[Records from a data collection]
== Segment start ==
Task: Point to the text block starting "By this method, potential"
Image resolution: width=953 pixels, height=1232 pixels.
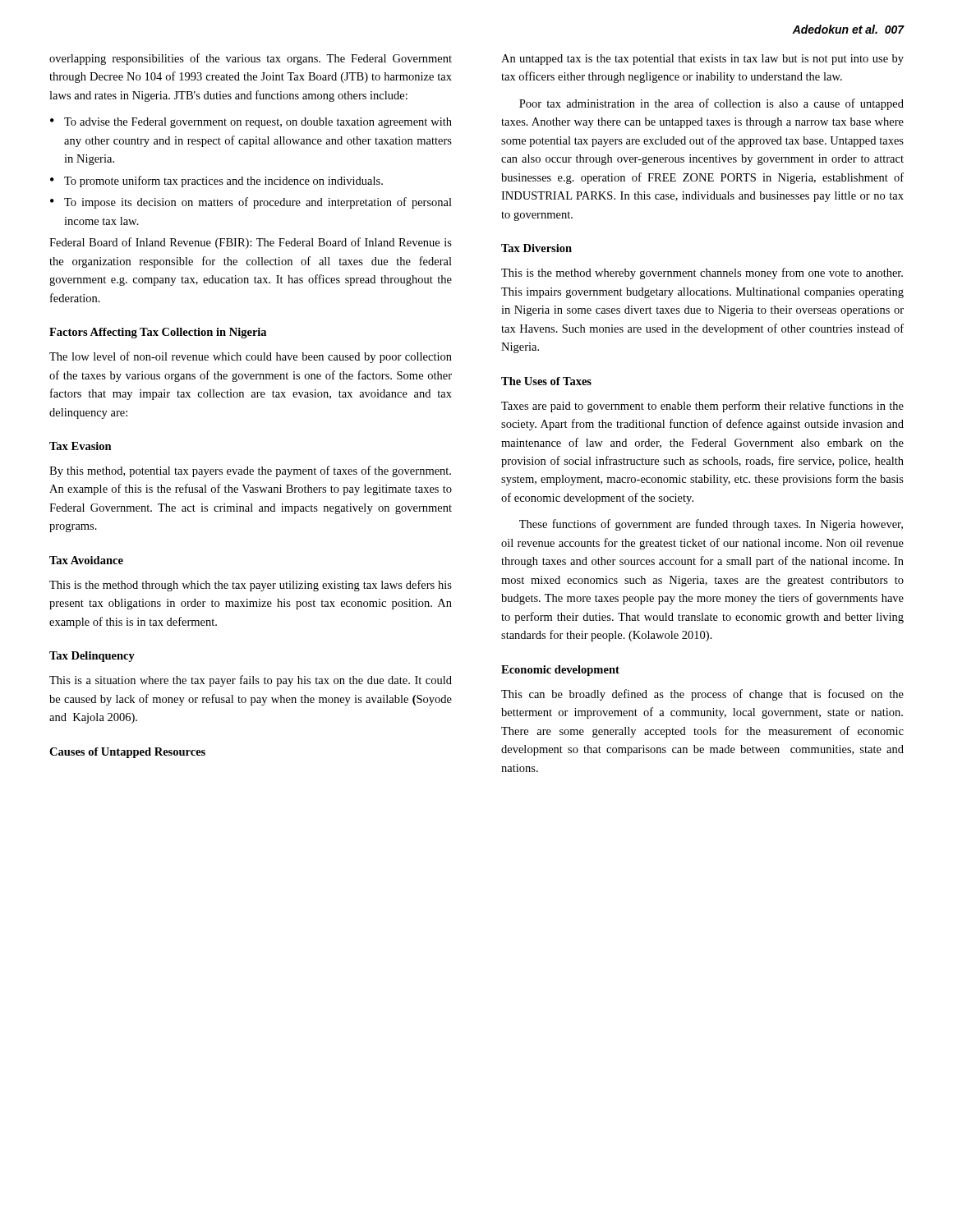Action: click(251, 498)
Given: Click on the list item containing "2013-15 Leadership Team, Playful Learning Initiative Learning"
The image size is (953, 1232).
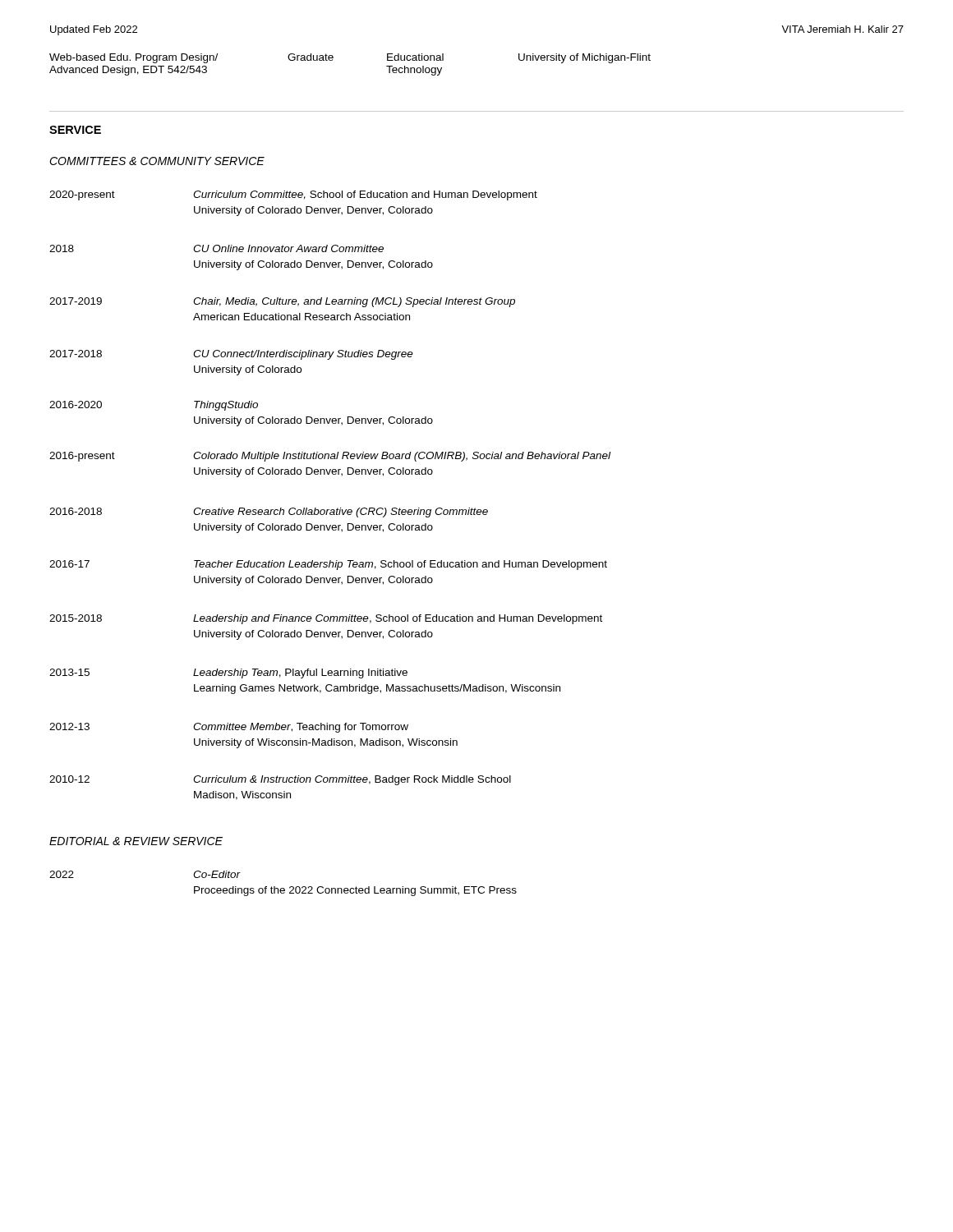Looking at the screenshot, I should tap(476, 681).
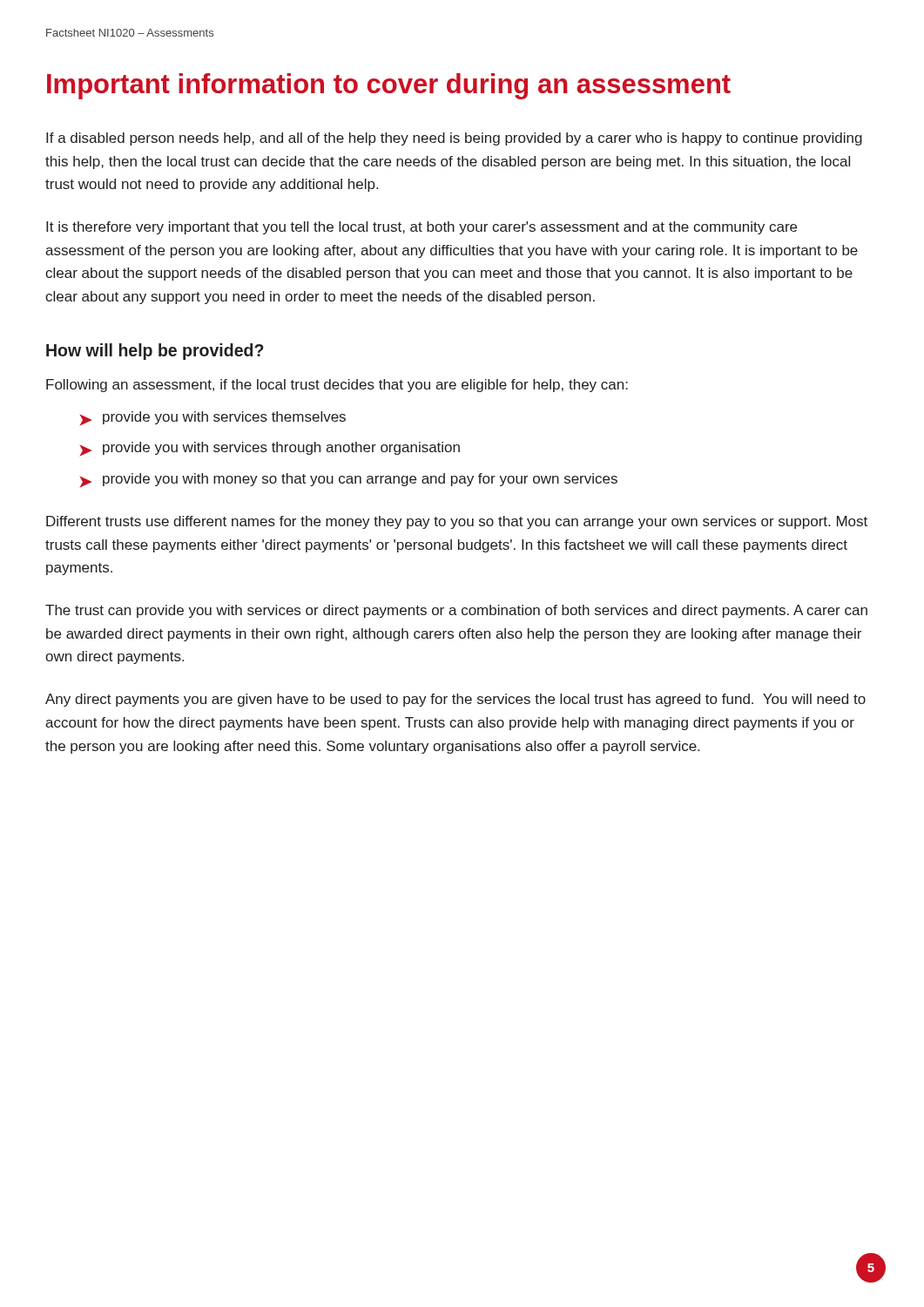Find the passage starting "How will help be"
Viewport: 924px width, 1307px height.
(x=155, y=350)
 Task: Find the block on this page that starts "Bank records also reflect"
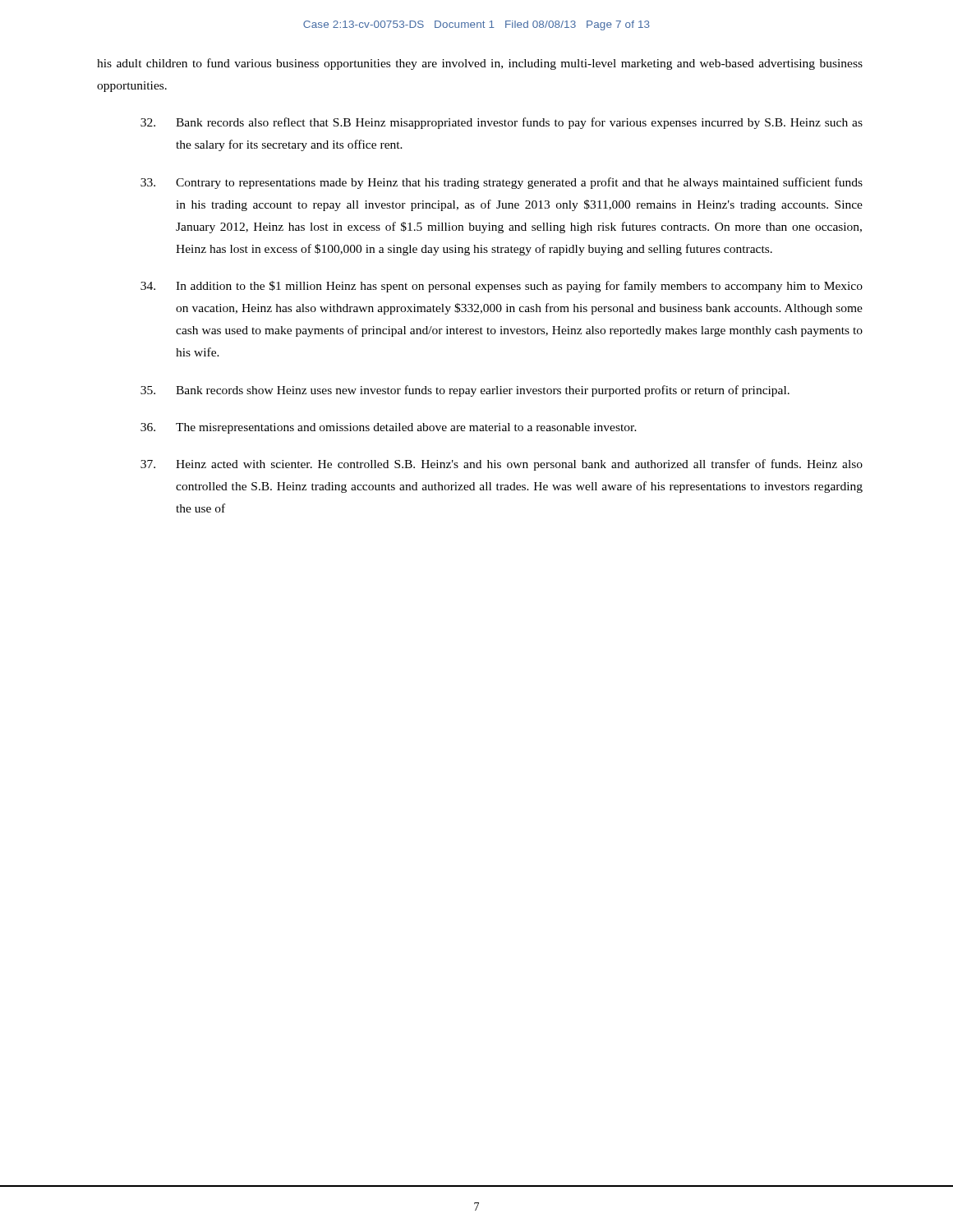pyautogui.click(x=480, y=133)
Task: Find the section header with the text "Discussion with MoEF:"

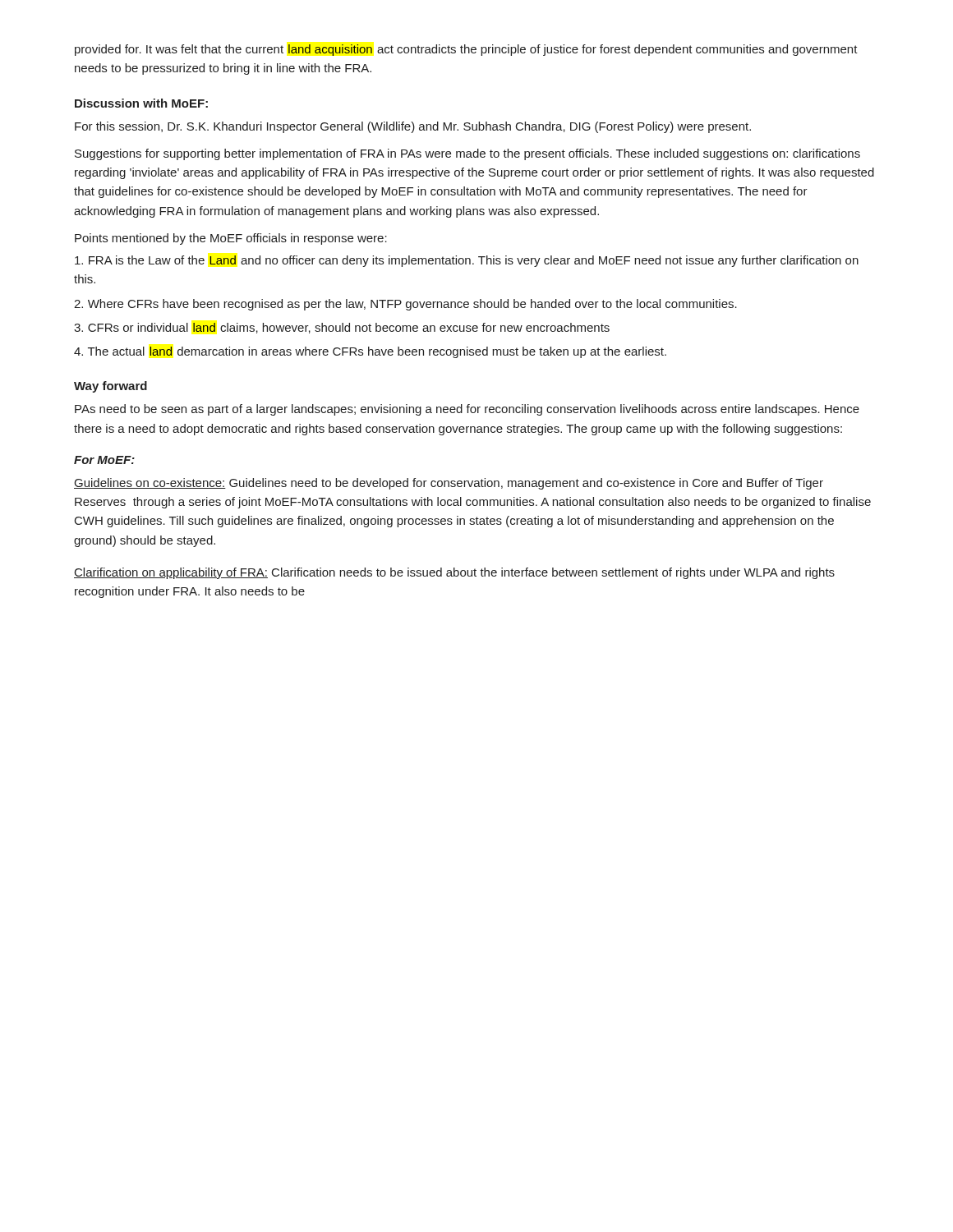Action: click(141, 103)
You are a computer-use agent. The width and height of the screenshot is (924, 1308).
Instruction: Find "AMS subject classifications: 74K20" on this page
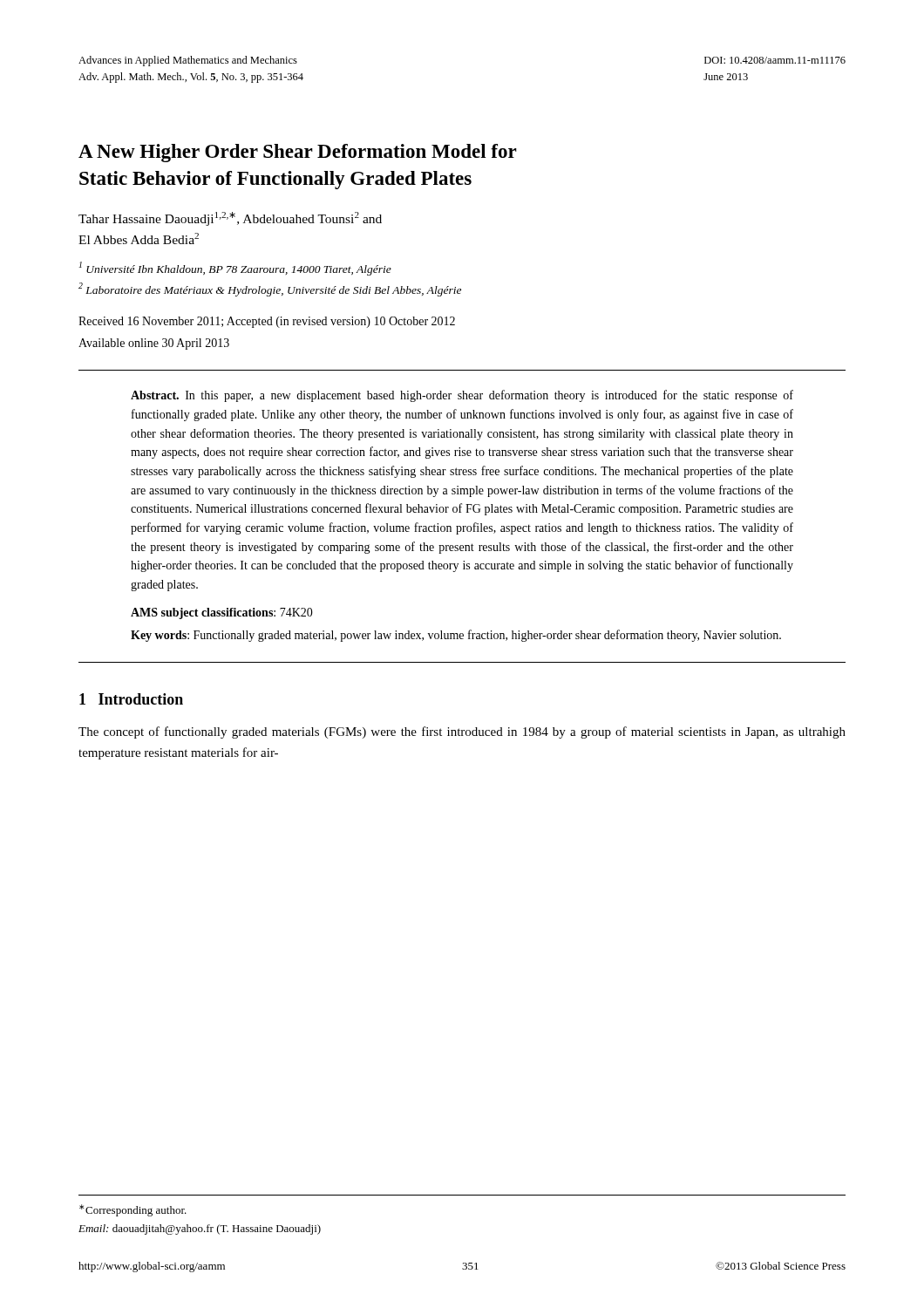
== Segment end ==
> _TASK DESCRIPTION_:
Please transcribe, word for word, every line from the one containing "Given: Click on" through the last line of the records, both included, and leave the pictures out.

> _WRITTEN RESPONSE_:
Given: Click on the list item containing "2013-15 Leadership Team, Playful Learning Initiative Learning"
The image size is (953, 1232).
Looking at the screenshot, I should tap(476, 681).
Find the passage starting "How will help be"
Viewport: 924px width, 1307px height.
(x=155, y=350)
 Task: Find the block on this page that starts "Bank records also reflect"
pyautogui.click(x=480, y=133)
Task: Find the section header with the text "Discussion with MoEF:"

Action: click(141, 103)
You are a computer-use agent. The width and height of the screenshot is (924, 1308).
Instruction: Find "AMS subject classifications: 74K20" on this page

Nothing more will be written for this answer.